What is expected
Look in the material below for the line with "Operation: read. Source: the" and the line with "4. value of the", then set down exactly those two lines and all lines between, nothing more.

Dataset records
• • • • •
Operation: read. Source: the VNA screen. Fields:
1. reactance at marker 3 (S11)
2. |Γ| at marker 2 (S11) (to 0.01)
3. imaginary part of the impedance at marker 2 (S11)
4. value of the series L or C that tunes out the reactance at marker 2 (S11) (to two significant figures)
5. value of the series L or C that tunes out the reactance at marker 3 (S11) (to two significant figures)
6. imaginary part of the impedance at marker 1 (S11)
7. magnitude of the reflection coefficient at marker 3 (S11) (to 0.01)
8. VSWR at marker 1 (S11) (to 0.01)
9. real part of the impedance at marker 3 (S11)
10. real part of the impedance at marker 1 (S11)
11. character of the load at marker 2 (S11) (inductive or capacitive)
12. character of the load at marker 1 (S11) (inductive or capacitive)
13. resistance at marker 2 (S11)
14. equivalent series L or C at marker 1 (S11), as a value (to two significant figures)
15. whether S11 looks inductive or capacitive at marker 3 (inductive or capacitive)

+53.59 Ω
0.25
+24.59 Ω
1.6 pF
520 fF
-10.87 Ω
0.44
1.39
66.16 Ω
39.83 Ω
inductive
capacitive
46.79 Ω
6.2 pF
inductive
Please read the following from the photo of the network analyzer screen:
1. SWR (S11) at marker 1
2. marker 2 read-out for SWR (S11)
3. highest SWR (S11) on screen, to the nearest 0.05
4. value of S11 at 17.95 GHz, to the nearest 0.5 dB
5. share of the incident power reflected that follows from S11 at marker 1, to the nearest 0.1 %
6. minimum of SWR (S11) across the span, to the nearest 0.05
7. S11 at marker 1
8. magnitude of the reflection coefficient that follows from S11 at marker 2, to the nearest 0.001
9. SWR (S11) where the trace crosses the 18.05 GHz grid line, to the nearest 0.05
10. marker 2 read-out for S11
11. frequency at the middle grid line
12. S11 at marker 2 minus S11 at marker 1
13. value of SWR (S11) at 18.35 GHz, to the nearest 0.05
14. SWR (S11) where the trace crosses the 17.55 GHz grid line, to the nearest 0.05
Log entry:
• • • • •
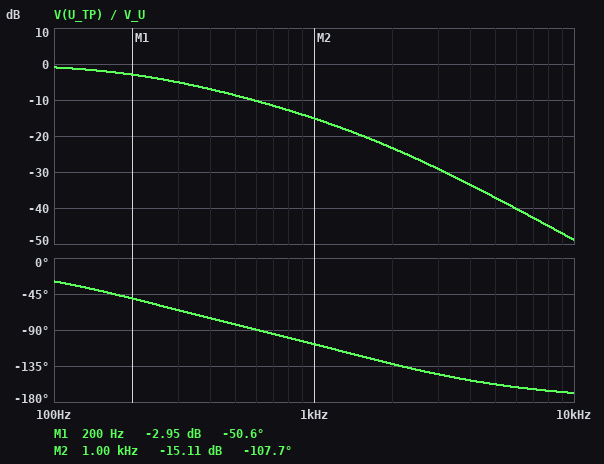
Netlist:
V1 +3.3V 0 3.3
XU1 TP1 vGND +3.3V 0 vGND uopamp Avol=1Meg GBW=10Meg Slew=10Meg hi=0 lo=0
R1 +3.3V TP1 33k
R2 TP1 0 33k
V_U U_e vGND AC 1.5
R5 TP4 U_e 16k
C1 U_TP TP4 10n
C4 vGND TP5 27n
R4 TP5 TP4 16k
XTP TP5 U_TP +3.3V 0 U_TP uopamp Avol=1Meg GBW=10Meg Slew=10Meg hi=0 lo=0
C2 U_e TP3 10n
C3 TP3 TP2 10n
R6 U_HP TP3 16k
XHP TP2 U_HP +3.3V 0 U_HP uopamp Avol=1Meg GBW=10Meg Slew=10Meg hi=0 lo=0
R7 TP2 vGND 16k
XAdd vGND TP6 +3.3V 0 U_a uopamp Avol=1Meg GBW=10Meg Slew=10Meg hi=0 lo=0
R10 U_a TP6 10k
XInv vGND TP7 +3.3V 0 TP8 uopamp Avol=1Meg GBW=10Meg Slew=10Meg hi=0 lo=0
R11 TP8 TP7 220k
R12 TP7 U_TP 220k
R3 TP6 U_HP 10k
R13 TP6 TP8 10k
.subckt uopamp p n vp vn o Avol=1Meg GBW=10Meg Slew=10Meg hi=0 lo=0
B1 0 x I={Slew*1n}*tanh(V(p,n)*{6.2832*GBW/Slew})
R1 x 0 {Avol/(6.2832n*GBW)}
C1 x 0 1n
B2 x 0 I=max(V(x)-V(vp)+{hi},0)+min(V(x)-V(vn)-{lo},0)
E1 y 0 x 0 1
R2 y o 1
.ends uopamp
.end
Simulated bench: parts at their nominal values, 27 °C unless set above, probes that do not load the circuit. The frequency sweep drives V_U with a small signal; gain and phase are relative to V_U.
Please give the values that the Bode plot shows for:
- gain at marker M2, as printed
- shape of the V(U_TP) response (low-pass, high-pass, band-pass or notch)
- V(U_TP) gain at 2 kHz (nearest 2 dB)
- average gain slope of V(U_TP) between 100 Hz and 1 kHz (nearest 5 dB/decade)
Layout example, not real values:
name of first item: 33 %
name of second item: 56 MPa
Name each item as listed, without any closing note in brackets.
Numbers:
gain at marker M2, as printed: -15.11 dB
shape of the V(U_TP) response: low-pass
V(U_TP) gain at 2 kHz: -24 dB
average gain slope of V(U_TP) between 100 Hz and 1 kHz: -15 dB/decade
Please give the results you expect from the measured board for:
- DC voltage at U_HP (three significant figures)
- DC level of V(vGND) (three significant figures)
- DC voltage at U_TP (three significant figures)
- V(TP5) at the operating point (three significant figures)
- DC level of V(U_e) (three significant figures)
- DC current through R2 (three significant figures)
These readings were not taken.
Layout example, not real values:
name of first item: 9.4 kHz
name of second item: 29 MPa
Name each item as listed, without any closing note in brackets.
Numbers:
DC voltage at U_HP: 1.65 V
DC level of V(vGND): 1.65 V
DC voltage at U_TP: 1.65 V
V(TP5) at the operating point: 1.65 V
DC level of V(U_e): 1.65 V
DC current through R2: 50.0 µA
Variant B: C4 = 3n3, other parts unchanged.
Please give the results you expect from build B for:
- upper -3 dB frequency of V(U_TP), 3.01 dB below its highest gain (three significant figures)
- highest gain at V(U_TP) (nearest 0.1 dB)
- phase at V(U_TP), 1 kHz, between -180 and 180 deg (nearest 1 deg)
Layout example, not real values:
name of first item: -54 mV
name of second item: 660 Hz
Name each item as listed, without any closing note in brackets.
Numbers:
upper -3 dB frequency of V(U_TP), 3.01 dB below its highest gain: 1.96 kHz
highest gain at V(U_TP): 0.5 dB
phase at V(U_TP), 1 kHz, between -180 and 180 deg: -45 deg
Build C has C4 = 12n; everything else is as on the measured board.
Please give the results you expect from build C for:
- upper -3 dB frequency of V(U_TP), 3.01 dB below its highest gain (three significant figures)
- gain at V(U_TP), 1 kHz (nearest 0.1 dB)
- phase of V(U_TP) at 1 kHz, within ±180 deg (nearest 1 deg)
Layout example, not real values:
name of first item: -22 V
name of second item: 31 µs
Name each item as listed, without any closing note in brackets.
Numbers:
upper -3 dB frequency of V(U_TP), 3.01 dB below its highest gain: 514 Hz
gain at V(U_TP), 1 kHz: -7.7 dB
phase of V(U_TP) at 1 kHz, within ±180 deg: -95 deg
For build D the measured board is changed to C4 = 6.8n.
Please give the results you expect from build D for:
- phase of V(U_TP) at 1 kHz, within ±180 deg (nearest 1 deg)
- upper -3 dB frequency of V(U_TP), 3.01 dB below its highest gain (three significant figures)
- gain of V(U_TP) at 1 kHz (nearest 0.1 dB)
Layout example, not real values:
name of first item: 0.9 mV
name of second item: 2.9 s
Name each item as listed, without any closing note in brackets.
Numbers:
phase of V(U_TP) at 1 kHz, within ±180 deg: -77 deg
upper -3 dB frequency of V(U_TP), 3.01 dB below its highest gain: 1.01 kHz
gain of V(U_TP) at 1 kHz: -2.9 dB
• • • • •
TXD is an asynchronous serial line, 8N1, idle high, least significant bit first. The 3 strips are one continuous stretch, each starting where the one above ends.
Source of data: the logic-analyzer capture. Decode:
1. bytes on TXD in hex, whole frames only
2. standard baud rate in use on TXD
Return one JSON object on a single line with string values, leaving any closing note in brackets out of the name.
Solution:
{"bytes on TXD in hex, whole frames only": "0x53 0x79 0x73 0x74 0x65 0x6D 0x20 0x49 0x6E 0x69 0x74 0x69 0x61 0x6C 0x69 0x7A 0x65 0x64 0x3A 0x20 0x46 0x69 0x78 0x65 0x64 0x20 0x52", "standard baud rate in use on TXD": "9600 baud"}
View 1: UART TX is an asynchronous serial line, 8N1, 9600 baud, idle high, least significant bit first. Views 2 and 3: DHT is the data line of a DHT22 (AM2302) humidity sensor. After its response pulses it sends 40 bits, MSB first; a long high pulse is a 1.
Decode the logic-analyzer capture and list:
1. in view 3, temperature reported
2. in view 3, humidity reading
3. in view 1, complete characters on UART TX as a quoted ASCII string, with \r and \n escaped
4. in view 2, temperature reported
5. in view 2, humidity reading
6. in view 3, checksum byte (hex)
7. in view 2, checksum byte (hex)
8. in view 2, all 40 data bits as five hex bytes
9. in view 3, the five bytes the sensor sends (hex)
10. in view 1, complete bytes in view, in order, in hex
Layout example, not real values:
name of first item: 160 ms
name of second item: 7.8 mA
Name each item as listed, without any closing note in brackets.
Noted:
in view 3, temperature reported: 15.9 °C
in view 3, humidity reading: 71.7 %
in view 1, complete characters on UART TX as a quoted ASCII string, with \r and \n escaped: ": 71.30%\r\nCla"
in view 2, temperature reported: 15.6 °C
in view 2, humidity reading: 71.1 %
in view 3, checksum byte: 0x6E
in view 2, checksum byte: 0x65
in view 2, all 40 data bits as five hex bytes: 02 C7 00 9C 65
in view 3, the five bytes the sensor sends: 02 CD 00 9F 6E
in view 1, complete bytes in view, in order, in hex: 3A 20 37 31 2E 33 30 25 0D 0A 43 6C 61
• • • • •
Task solution
Operation: read. Source: the VNA screen. Fields:
1. reactance at marker 3 (S11)
2. |Γ| at marker 2 (S11) (to 0.01)
3. imaginary part of the impedance at marker 2 (S11)
4. value of the series L or C that tunes out the reactance at marker 2 (S11) (to two significant figures)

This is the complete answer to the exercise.